INFORMATION

__________

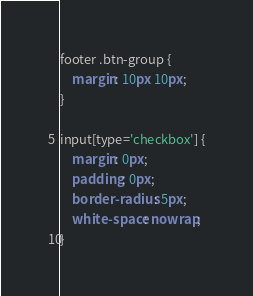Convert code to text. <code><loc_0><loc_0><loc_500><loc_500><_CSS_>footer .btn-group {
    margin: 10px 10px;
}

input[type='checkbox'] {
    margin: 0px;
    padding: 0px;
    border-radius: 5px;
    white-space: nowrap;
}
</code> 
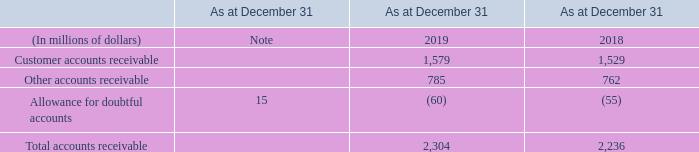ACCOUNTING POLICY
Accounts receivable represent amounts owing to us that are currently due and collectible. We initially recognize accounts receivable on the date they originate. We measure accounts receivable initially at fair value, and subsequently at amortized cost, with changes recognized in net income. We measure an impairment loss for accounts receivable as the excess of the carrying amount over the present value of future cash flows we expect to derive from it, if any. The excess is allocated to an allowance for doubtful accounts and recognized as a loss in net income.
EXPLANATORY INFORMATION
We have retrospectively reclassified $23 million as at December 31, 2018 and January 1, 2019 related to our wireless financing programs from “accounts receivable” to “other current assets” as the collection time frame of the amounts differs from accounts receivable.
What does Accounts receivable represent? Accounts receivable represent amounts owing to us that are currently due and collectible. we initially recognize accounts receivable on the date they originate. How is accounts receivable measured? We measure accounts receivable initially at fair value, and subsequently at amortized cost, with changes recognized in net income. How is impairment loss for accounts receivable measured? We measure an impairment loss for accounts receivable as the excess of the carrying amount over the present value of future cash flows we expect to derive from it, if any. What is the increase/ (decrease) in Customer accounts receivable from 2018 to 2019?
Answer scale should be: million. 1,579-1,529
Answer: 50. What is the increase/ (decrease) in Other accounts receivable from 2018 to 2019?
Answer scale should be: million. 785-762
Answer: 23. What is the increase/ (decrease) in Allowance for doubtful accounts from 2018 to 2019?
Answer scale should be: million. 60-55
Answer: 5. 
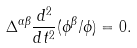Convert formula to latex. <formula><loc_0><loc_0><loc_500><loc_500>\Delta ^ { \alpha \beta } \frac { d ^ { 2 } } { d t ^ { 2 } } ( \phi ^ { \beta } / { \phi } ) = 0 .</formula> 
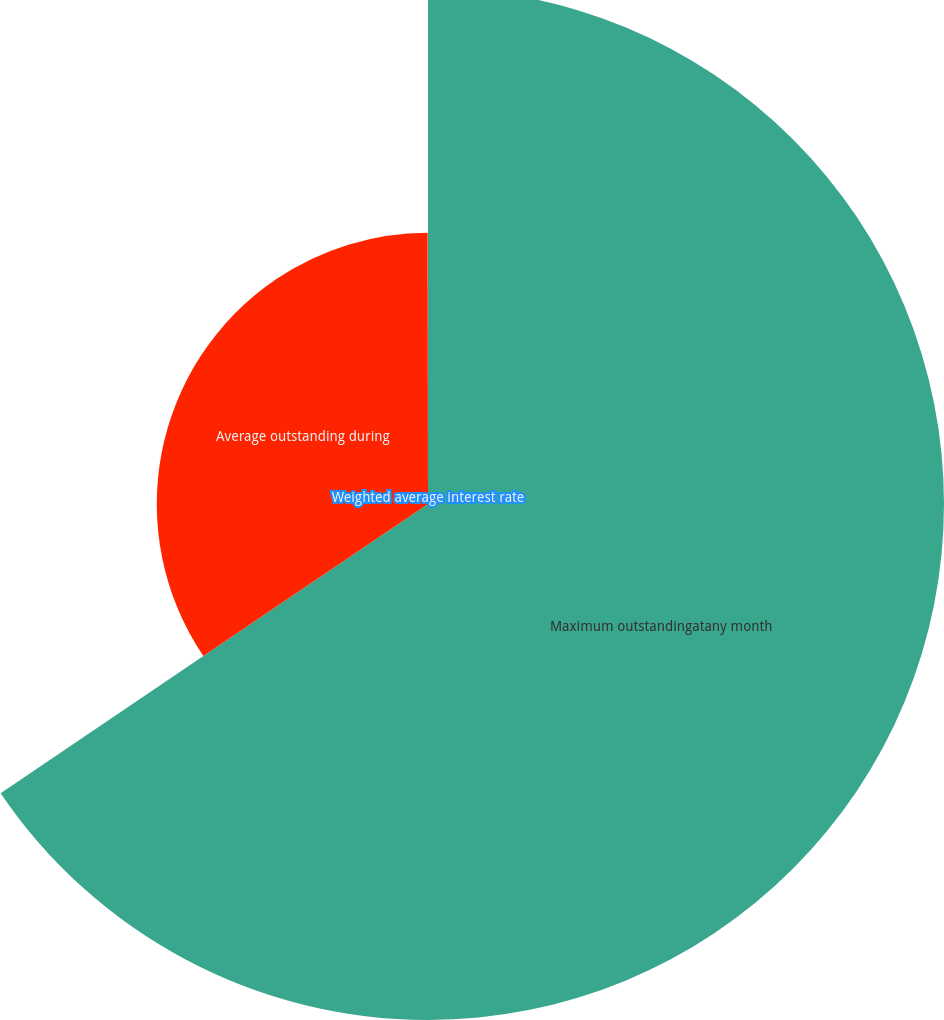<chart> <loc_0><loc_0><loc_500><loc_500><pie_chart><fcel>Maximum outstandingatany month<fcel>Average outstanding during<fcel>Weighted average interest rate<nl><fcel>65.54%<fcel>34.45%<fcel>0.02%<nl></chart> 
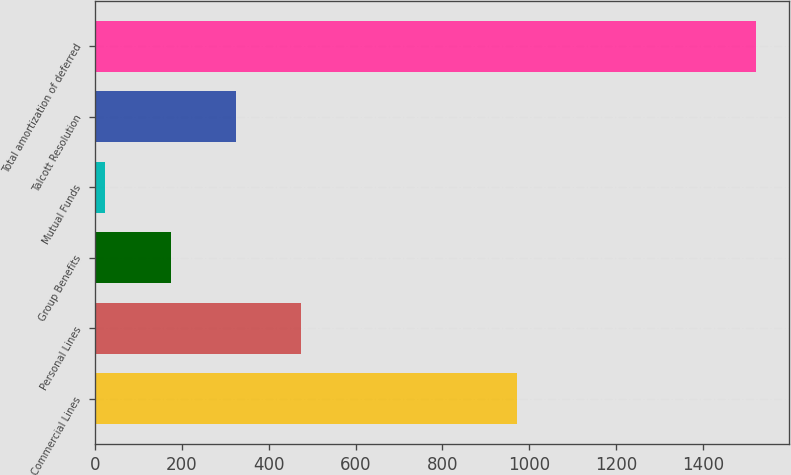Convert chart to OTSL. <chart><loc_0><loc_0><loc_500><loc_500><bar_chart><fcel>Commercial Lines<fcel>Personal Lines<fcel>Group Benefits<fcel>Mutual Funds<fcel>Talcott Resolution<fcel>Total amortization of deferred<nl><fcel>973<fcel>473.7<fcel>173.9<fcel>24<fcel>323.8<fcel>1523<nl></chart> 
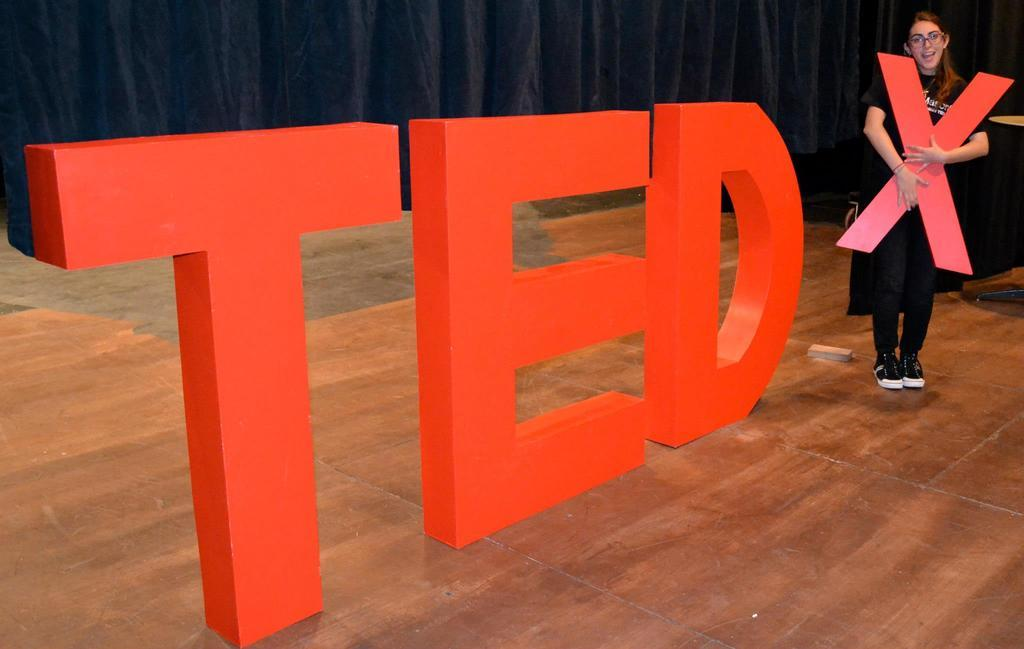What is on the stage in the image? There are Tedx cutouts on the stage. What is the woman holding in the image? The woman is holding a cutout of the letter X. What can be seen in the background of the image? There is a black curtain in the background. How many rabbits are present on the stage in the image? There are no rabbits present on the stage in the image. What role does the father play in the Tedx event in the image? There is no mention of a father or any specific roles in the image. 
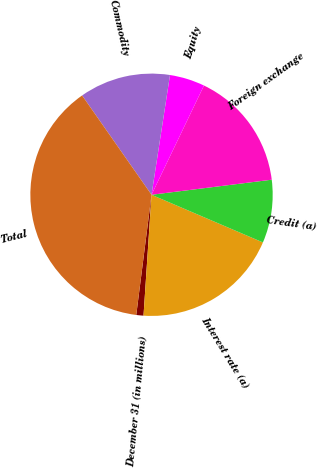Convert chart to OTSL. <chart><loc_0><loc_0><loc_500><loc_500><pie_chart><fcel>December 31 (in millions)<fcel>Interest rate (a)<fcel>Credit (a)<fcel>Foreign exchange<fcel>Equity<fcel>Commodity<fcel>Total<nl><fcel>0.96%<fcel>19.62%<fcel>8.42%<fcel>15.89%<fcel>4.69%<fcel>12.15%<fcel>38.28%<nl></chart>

__________

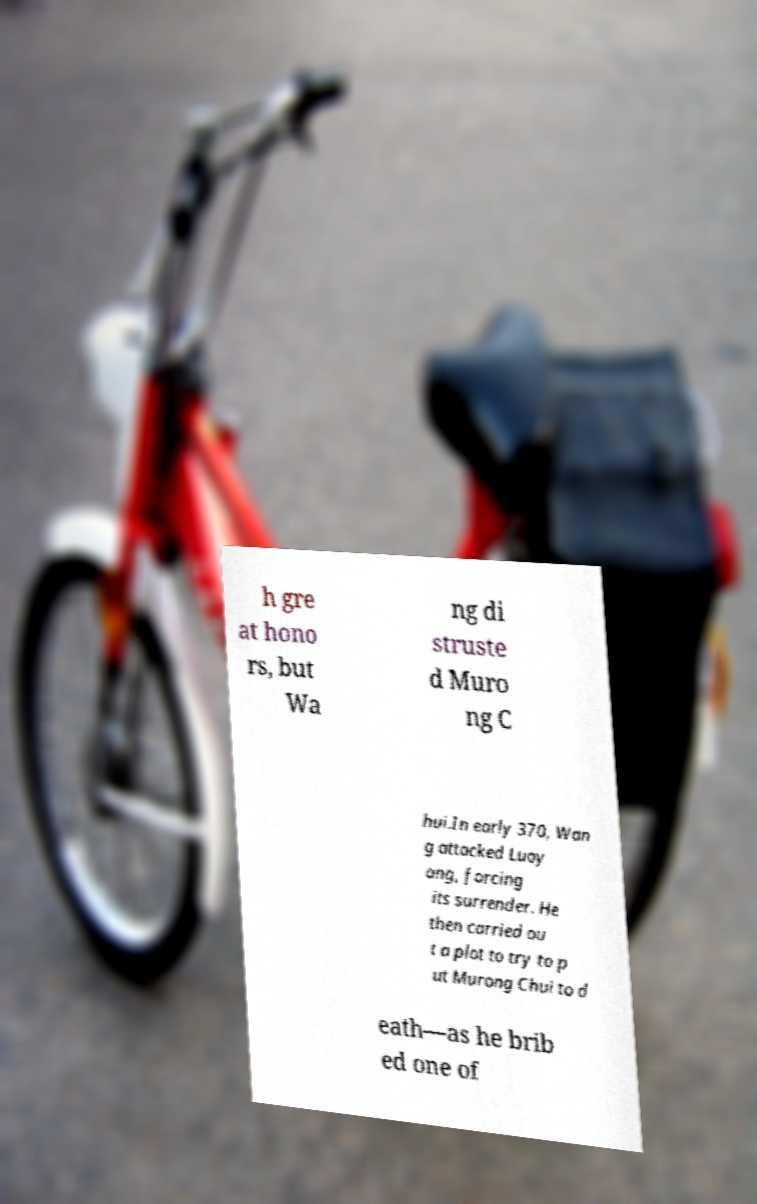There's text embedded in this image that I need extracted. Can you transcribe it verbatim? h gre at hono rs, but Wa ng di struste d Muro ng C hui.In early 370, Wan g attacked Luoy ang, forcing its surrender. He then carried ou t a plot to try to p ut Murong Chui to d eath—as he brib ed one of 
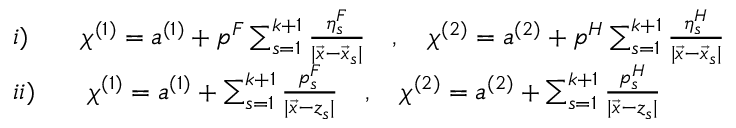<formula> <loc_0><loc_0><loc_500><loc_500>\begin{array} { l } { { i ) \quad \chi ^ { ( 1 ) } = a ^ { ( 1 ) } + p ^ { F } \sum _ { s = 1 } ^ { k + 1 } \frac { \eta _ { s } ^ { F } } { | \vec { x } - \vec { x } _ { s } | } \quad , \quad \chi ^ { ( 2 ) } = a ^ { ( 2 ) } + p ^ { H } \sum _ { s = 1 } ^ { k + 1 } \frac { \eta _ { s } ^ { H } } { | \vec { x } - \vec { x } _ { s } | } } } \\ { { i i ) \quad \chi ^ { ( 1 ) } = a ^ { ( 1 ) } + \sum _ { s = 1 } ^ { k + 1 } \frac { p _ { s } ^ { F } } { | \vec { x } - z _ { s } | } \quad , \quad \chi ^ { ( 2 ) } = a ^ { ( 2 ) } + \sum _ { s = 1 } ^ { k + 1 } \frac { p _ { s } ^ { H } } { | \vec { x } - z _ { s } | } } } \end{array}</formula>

__________

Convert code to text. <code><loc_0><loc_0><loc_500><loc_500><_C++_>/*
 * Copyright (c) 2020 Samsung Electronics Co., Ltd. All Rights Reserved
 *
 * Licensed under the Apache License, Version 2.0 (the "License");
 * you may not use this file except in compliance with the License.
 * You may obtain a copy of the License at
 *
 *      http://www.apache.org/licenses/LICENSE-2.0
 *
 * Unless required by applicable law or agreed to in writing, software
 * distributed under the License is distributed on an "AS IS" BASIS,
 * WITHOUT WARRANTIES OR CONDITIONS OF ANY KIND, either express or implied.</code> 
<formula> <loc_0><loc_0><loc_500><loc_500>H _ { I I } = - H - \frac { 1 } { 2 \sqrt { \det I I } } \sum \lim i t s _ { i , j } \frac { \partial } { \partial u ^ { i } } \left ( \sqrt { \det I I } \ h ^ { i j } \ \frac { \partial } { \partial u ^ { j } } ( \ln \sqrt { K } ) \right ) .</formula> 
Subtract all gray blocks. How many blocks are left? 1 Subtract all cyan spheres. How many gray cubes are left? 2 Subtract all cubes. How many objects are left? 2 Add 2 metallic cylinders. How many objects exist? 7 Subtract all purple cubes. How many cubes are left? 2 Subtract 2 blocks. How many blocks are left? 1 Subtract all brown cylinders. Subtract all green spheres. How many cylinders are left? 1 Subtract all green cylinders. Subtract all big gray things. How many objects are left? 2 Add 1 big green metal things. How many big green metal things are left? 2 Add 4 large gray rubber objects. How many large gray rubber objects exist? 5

__________

WHAT TO PRODUCE
Transcribe the lines above exactly, beginning at the one with "margin: 10px 10px;" and ending at the one with "Answer scale should be: million. 60-55". Include both; exclude the pictures.

WRITTEN ANSWER
    margin: 10px 10px;
}

input[type='checkbox'] {
    margin: 0px;
    padding: 0px;
    border-radius: 5px;
    white-space: nowrap;
}
</code> 
ACCOUNTING POLICY
Accounts receivable represent amounts owing to us that are currently due and collectible. We initially recognize accounts receivable on the date they originate. We measure accounts receivable initially at fair value, and subsequently at amortized cost, with changes recognized in net income. We measure an impairment loss for accounts receivable as the excess of the carrying amount over the present value of future cash flows we expect to derive from it, if any. The excess is allocated to an allowance for doubtful accounts and recognized as a loss in net income.
EXPLANATORY INFORMATION
We have retrospectively reclassified $23 million as at December 31, 2018 and January 1, 2019 related to our wireless financing programs from “accounts receivable” to “other current assets” as the collection time frame of the amounts differs from accounts receivable.
What does Accounts receivable represent? Accounts receivable represent amounts owing to us that are currently due and collectible. we initially recognize accounts receivable on the date they originate. How is accounts receivable measured? We measure accounts receivable initially at fair value, and subsequently at amortized cost, with changes recognized in net income. How is impairment loss for accounts receivable measured? We measure an impairment loss for accounts receivable as the excess of the carrying amount over the present value of future cash flows we expect to derive from it, if any. What is the increase/ (decrease) in Customer accounts receivable from 2018 to 2019?
Answer scale should be: million. 1,579-1,529
Answer: 50. What is the increase/ (decrease) in Other accounts receivable from 2018 to 2019?
Answer scale should be: million. 785-762
Answer: 23. What is the increase/ (decrease) in Allowance for doubtful accounts from 2018 to 2019?
Answer scale should be: million. 60-55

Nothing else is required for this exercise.